Exercise prompt – In the listing below, find the line with "I'd like a 3D cuboid for each item below." and the line with "0, 798, 150]". Repeat those two lines and all lines between them exactly.

Dataset records –
##########

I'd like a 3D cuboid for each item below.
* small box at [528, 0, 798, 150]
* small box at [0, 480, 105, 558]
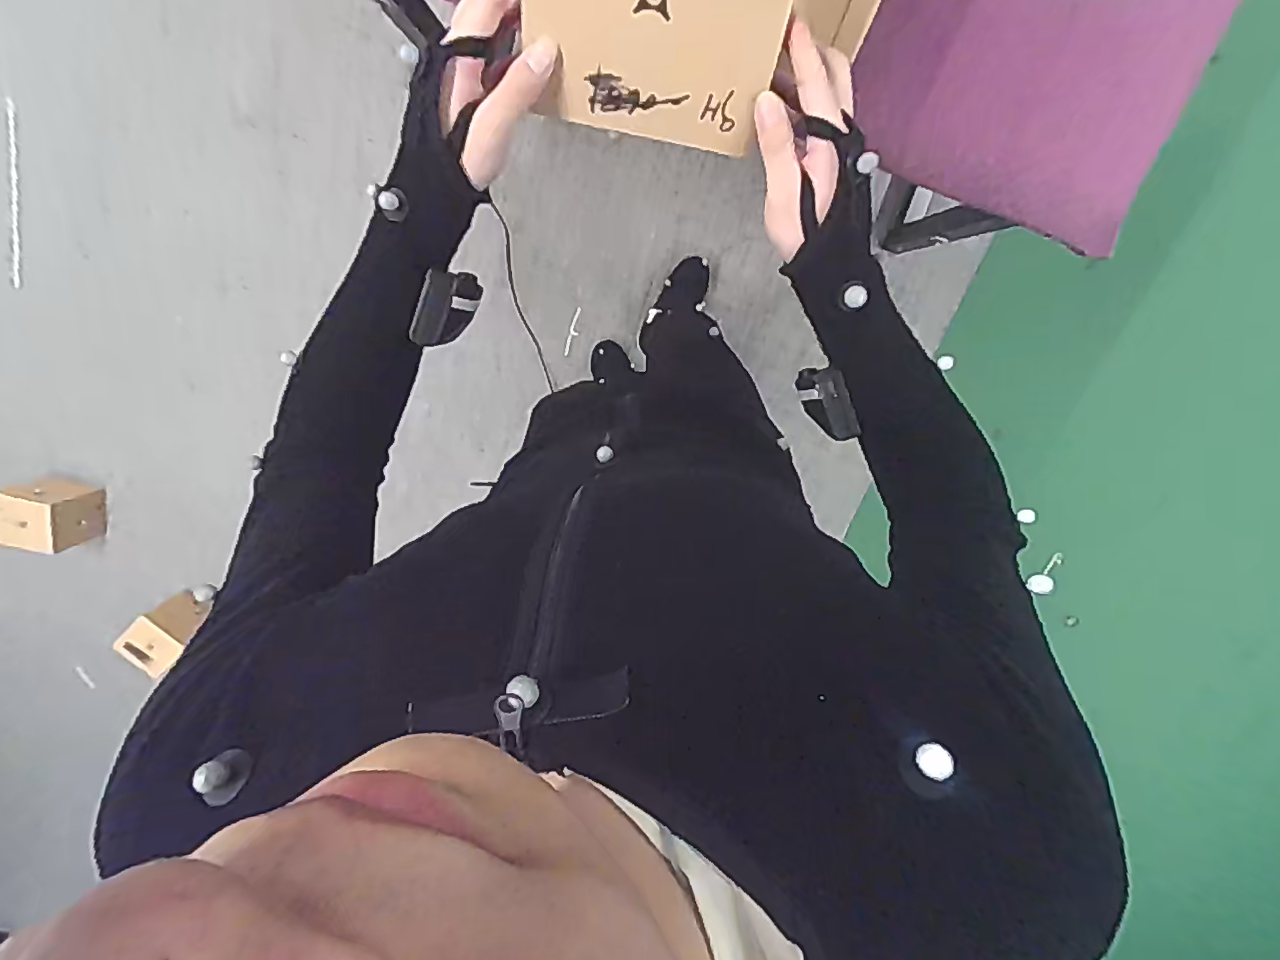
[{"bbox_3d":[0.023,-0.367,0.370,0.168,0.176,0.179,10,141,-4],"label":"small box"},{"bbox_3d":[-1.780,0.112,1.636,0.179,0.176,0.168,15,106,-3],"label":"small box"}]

##########

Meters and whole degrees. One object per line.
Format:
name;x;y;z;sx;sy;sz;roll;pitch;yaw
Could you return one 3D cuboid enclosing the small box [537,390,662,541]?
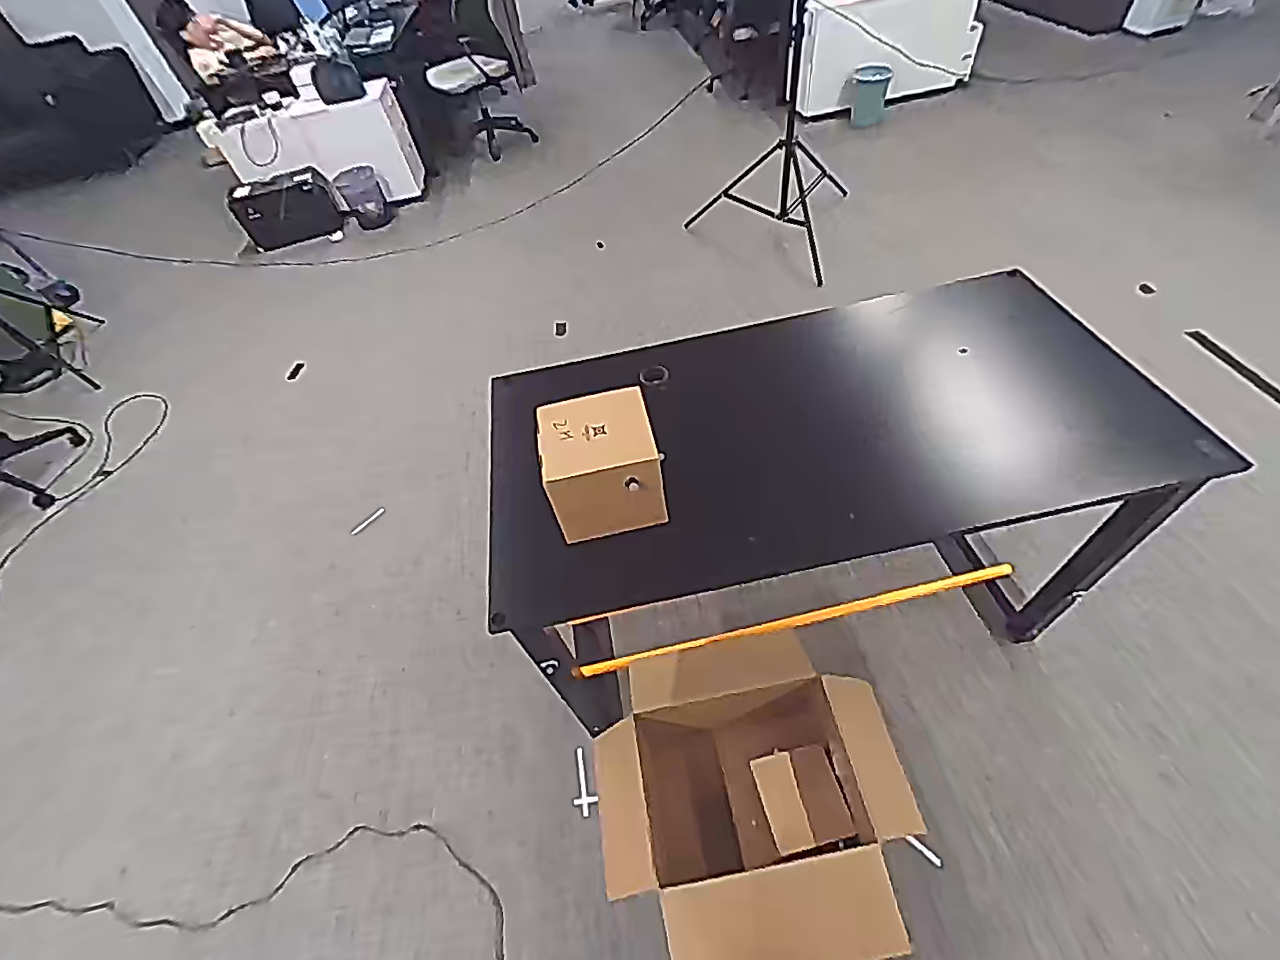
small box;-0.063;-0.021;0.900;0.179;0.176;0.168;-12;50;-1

##########

Answer section –
I'd like a 3D cuboid for each item below.
* small box at [528, 0, 798, 150]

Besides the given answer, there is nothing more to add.